Through its commitment to cultural relevance, innovation, and education, Nibcard has become a pioneering force in Africa’s creative and gaming sectors. Nibcard also continues to build a community of Nigerian designers and game enthusiasts who design, publish, review, and collect their own games, bringing a tabletop gaming culture to Nigeria. Many other gaming communities in Nigeria, including those based in Enugu, Jos and Nasarawa have strong ties to Nibcard, with key members having been game masters at some point and working with the company. Notably, the South East Boardgame Convention (SEB Con) was founded by Tobenna Nwosu, a game master and active volunteer with Nibcard and AB Con. Femi Olusanya, another former volunteer and active game master, created Centroid Games, which started off with an exclusive publishing deal with Nibcard and showcases a growing tabletop gaming industry.

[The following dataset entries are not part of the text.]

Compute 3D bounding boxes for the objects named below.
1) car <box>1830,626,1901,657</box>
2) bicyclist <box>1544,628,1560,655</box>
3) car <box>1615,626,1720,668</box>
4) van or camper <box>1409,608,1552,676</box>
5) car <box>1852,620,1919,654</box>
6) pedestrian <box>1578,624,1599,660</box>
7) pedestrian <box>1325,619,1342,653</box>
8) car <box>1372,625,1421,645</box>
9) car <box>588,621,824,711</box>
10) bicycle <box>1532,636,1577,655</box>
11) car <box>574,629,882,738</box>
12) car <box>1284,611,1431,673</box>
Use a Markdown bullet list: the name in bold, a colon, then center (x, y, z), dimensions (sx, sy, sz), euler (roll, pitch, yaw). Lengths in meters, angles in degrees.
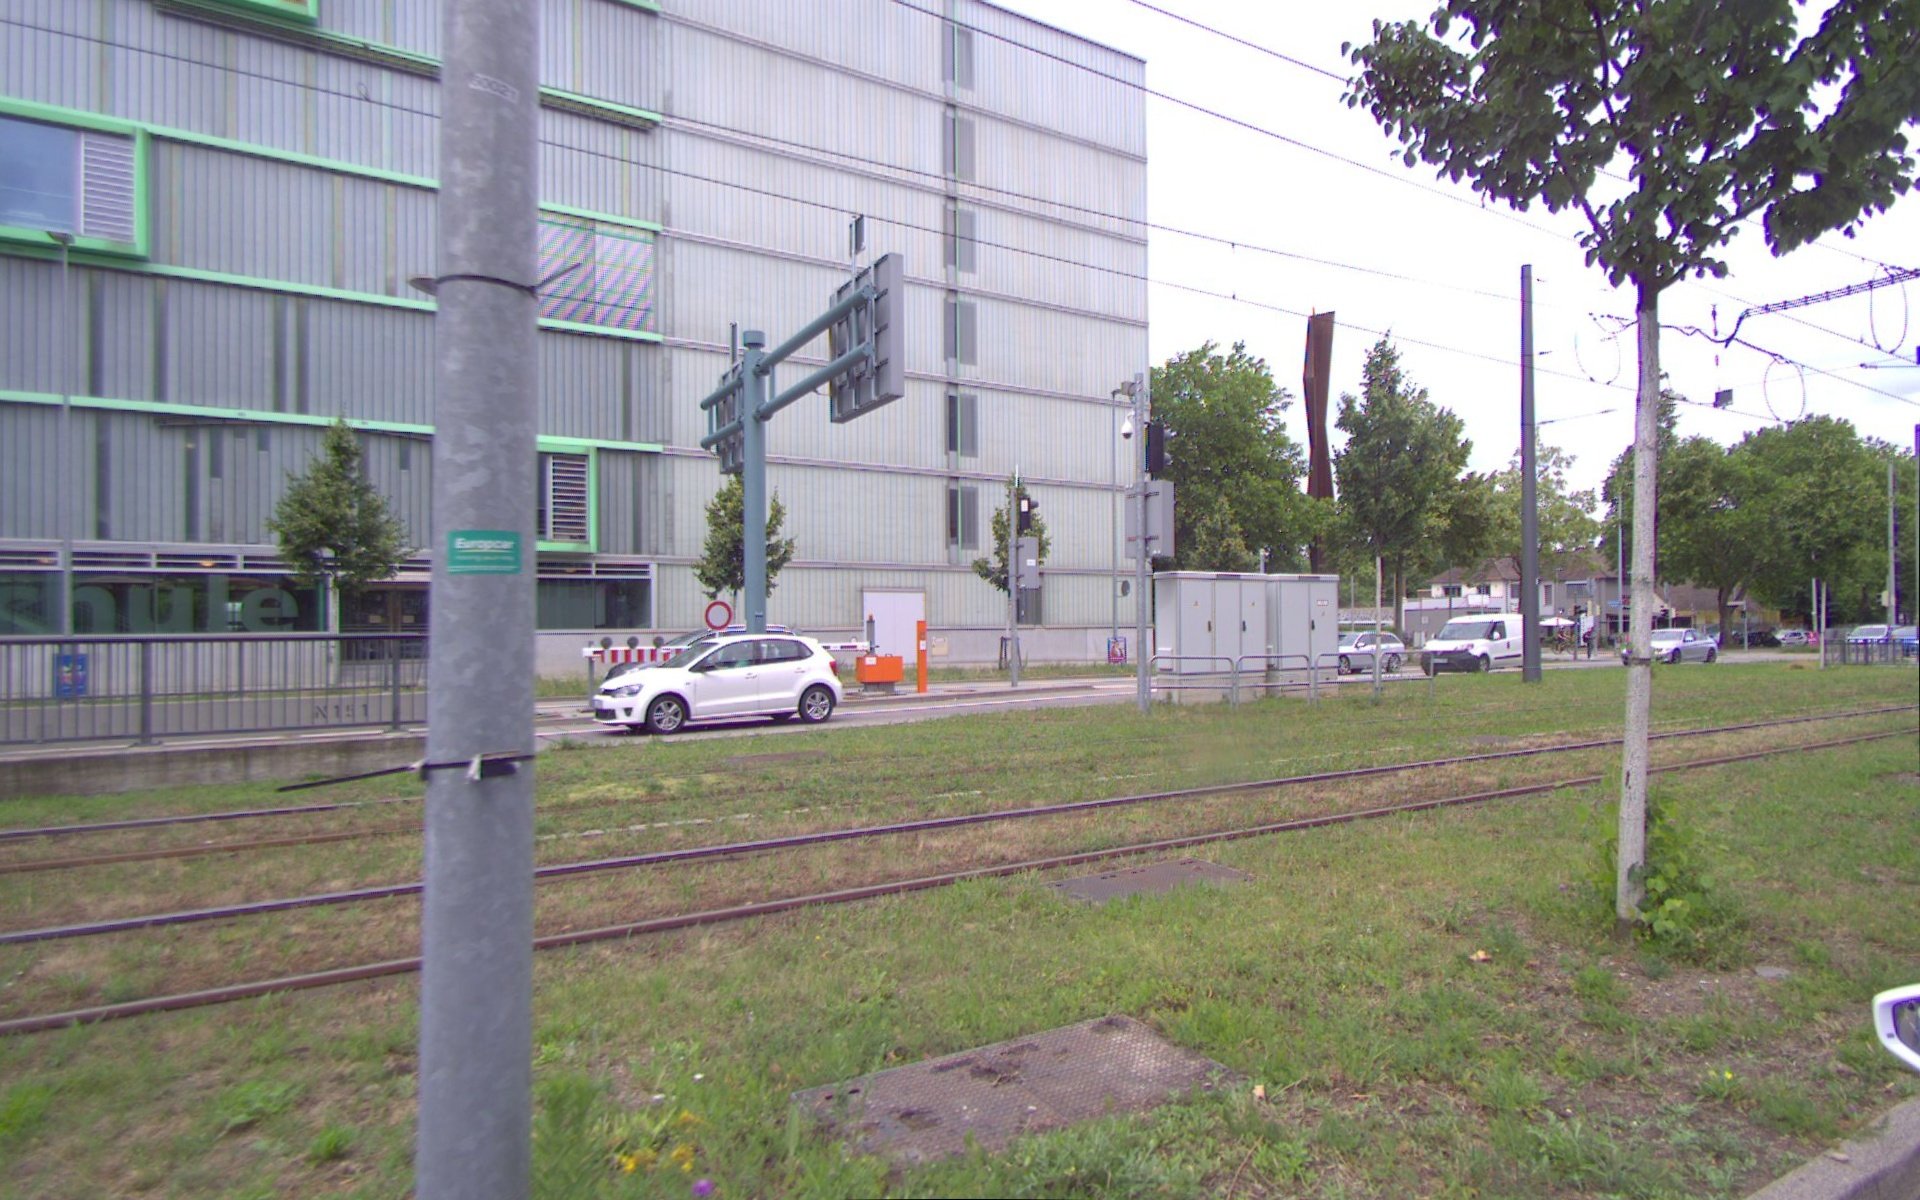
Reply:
- **car**: center (50.497, 2.285, 56.004), dimensions (4.529, 1.591, 1.786), euler (2, 0, -32)
- **bicyclist**: center (38.819, 2.699, 65.863), dimensions (0.838, 1.744, 0.719), euler (-1, -1, 34)
- **car**: center (27.373, 1.803, 38.806), dimensions (4.872, 1.464, 1.718), euler (0, -3, -35)
- **van or camper**: center (16.089, 1.270, 30.929), dimensions (5.077, 1.925, 1.876), euler (1, -3, -37)
- **car**: center (47.555, 1.852, 51.206), dimensions (4.638, 1.609, 1.953), euler (0, -1, -33)
- **pedestrian**: center (32.982, 2.209, 52.692), dimensions (0.769, 1.856, 0.771), euler (-1, -1, 43)
- **pedestrian**: center (22.842, 2.196, 61.445), dimensions (0.887, 2.040, 0.954), euler (-1, -1, 18)
- **car**: center (41.697, 3.319, 96.002), dimensions (1.974, 1.873, 3.973), euler (0, -1, -27)
- **car**: center (-5.777, 1.425, 22.980), dimensions (4.908, 1.848, 1.984), euler (0, -1, -30)
- **bicycle**: center (38.909, 2.972, 65.791), dimensions (2.475, 1.218, 0.738), euler (-1, -1, 35)
- **car**: center (-3.658, 1.252, 16.177), dimensions (4.524, 1.498, 1.752), euler (1, -2, -34)
- **car**: center (14.000, 1.427, 35.267), dimensions (5.232, 2.040, 1.984), euler (0, -1, -30)
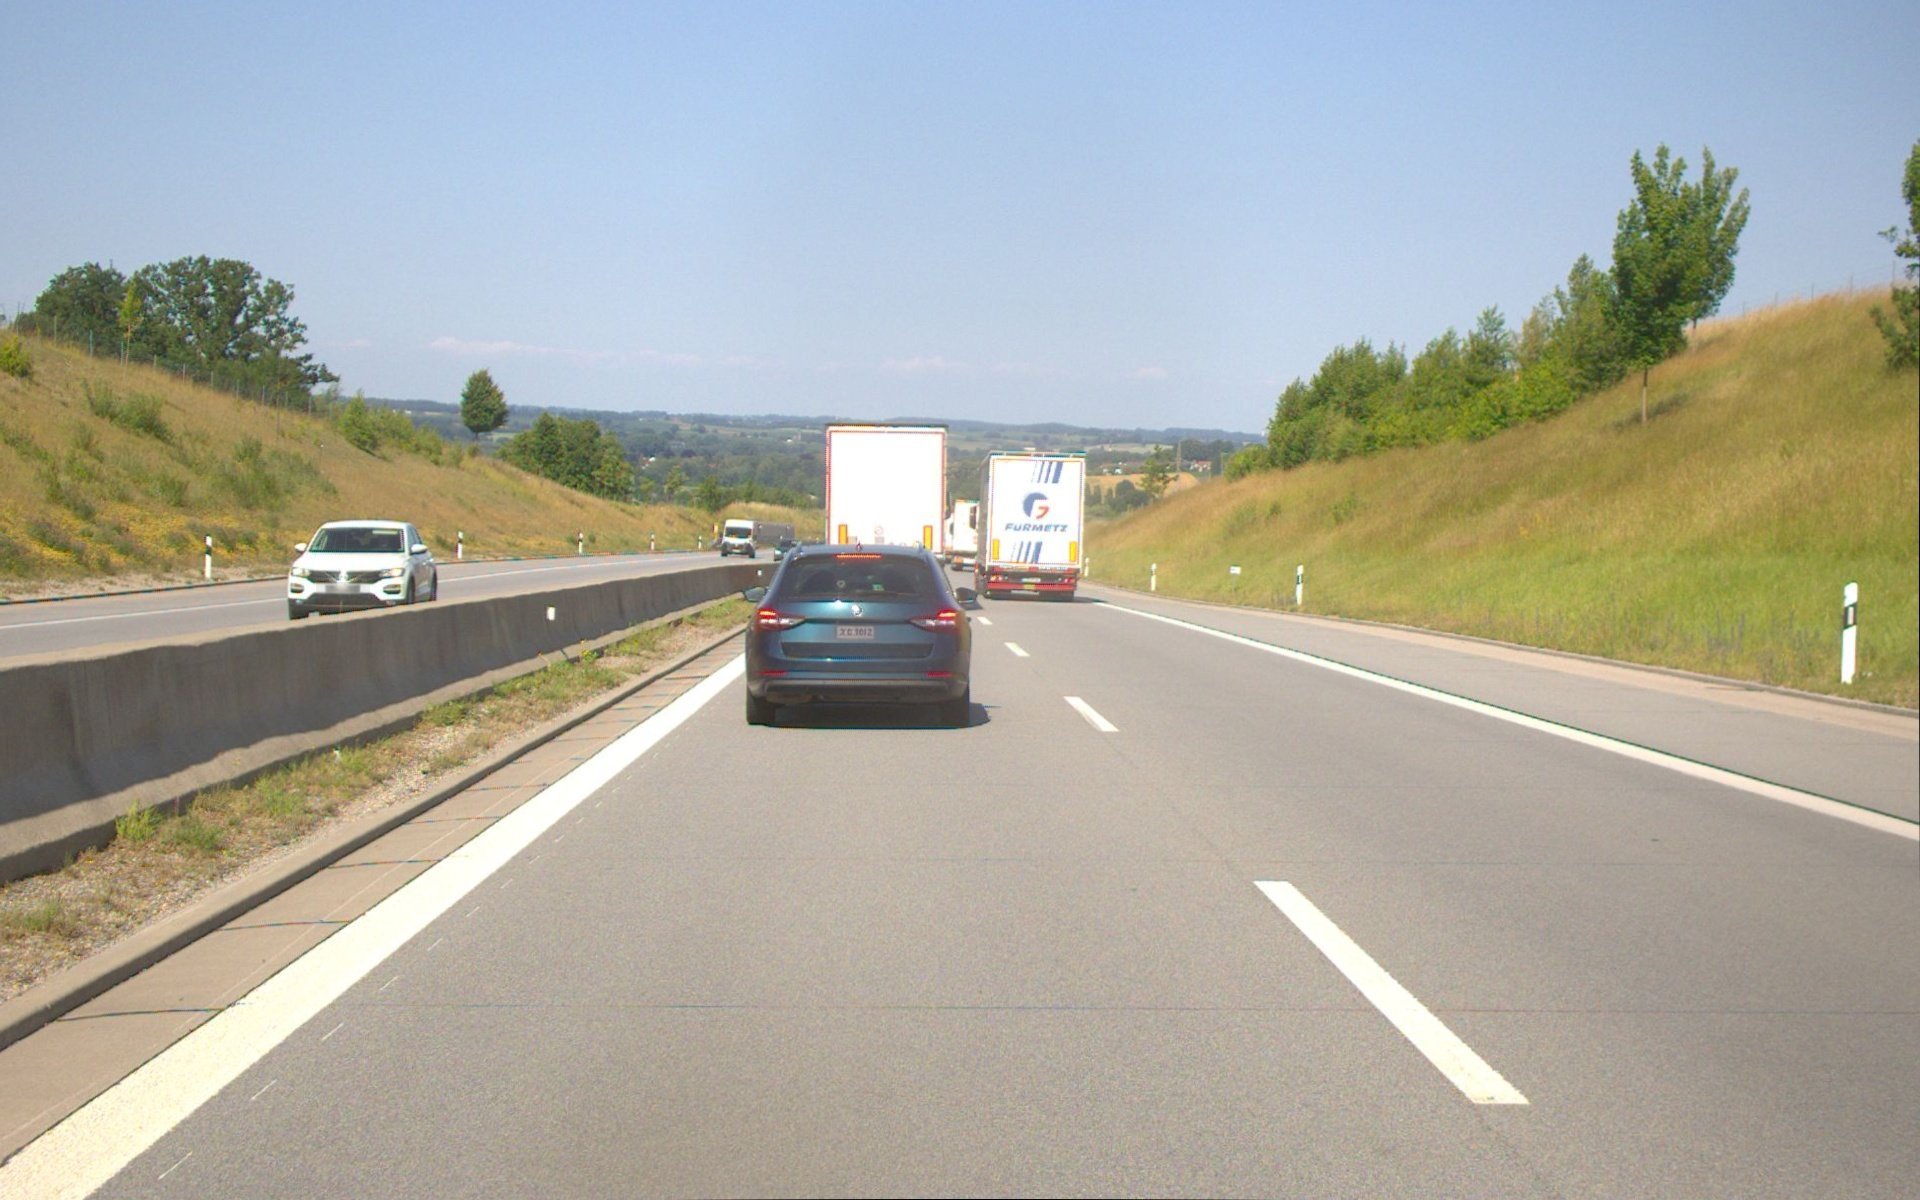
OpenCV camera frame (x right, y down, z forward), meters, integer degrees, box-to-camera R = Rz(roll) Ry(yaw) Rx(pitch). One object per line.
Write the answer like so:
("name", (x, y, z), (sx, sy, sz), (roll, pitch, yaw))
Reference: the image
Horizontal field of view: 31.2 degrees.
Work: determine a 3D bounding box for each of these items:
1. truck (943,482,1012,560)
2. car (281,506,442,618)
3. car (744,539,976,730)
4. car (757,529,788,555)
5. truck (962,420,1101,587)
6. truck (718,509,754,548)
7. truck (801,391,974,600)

== Products and services ==
Games: Nibcard has designed and manufactured over 50 in house games. Titles include: Hut Alive, Village War, Irin Ajo, Campus Wahala, No Gree!, Fight in the Hive, Na Lie, Dicemo, Keep Safe, Wan Wan Touch, Bidding Room, The Outsider, Greatest Nigerian among popular entrants in the Nigerian tabletop industry. Nibcard has also manufactured over 20 games for organizations and individuals such as Owonikoko and Instant words for Centroid games, Word Jumble for Lydem Games, The Peace Trip, and Bible Guru for ICE Games.

Publishing & Production: Beyond its own titles, Nibcard manufactures games for other African designers and organisations, filling a crucial role in the regional board game industry's supply chain. It works with companies seeking to develop games for religious, professional and alternative ideas. Nibcard emphasises physical and social gameplay, as well as embedding Nigerian or African narratives in every game. Rather than perfecting a game in isolation, Nibcard continually iterates, uplifted by player feedback.

Game Café: Located in Gwarinpa, Abuja, the café offers a gaming library (~250–300 games), trained game masters, multiple gaming zones and different themed events weekly. It serves as a community hub for families, gamers, schools, and corporate teams.

African Boardgame Convention (AB Con): An annual event dedicated to bringing together tabletop gamers, designers, and publishers across Africa. It includes game showcases, panel sessions, tournaments, themed games, and industry networking.

== Recognition and impact ==
Nibcard has received recognition both domestically and internationally. It has been featured in major outlets, including CNN and NTA, and is recognised as a leader in the domestic tabletop gaming industry.

It has also received recognition through its standout Kickstarter campaigns for the AB Con, as well as receiving the prestigious 2021 Diana Jones Award for excellence in recognition of its game designs and publishing, mentorship, cafe operations and creation of a community of new makers across Nigeria and the African continent. The African Boardgame convention has also been well-received and now welcomes over 500 attendees.

Nibcard has been able to partner with local diplomatic missions, development companies and educational institutions to create games focusing on migration, religious awareness and tolerance, cultural appreciation and sustainable development to bring learning in an informative and helpful manner.